Today the human genome has been fully sequenced. And the enormous quantity of data that is contained within the DNA molecules makes it possible to analyse relationships between species. Researchers at the Bioinformatics Centre (BiRC) are developing methods to deal with the large quantities of data.
A broad perspective approach and the correct methods are required in order to obtain reliable results from the data contained in the human genome. Asger Hobolth, Assoc. Prof. at the Department of Mathematical Sciences at Aarhus University and affiliated to BiRC, explains:
“The methods that we have developed are able to scan through the whole genome and in this way give very reliable indications of the relationship between the humans, the chimpanzee, the gorilla and the orang-utan, for example. By comparing the DNA from the different species we can identify a number of patterns that can be used in our statistical analyses”.
However, dealing with the large quantities of data is not an easy task:
“The algorithm of the method is very simple, otherwise we wouldn’t be able to analyse so much data. Genetics and statistics are the more complicated areas. The input to the algorithm is a table with 36 states and 2 billion positions and the output is a number of very large tables that can be used to define the probability of a relationship between two species”, explains Assoc. Prof. at BiRC, Thomas Mailund.
It can take up to 100 CPU days if the algorithm is executed on BiRC’s own machines. If this is to be made more efficient, we borrow computer power from other research institutes and the CPU time can be reduced to “only” a week.
This is why people are different
The original aim of the method was to establish a date for speciation, for example when humans and chimpanzees separated into independent species from their common ancestor. Other methods are available, but the method developed at BiRC can be used to substantiate the conclusions that have been reached using a different method. The most sensational result that the method has thrown up to now is to make it highly probable that the human species is only 4-5 million years old and not 5-7 million as many people have until now assumed.
Mikkel Schierup, biologist at BiRC, explains:
“Using DNA sequencing, we can now say something about why people are different. And we can also say something about the risk of developing different diseases. Similarly, we can look at the DNA information of related species and in the historical perspective say something about the original species’ “risk” of developing into a human. And this actually puts us in a position to say something about how natural selection functioned around the time of speciation.”

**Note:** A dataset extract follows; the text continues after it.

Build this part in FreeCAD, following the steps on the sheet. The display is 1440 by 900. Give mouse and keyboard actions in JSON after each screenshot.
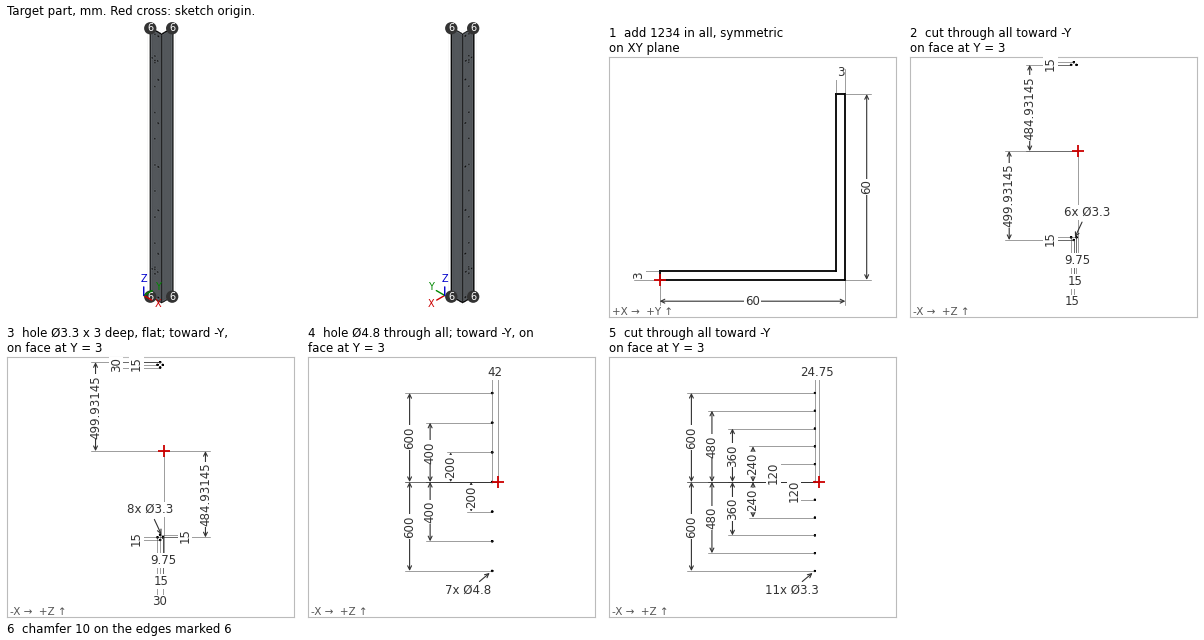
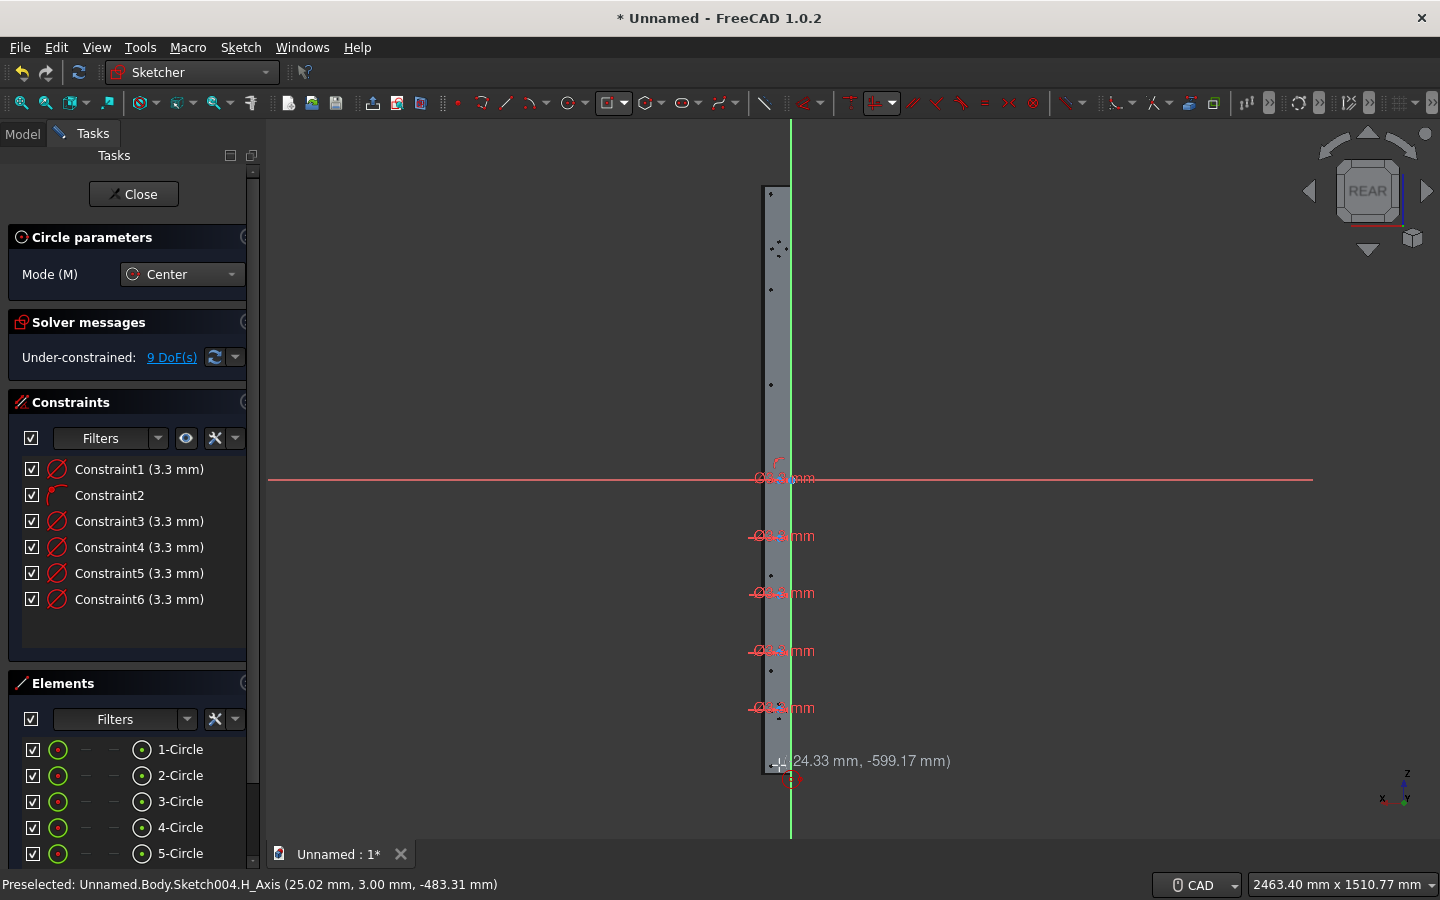
{"action": "scroll", "coordinate": [779, 766], "scroll_direction": "up", "scroll_amount": 2}

When we have established the probability of a relationship between species the perspectives are broad, according to Mikkel Schierup. As an example, he mentions a theory that researchers at the Broad Institute, which is collaboration between MIT and Harvard, have put forward:
“Researchers at the Broad Institute believe that during the phase in which the human and chimpanzee species separated there occurred a certain degree of “hybridisation” where the two future species continued to reproduce. Eventually as additional data becomes available, we will be able to use our method to verify this claim.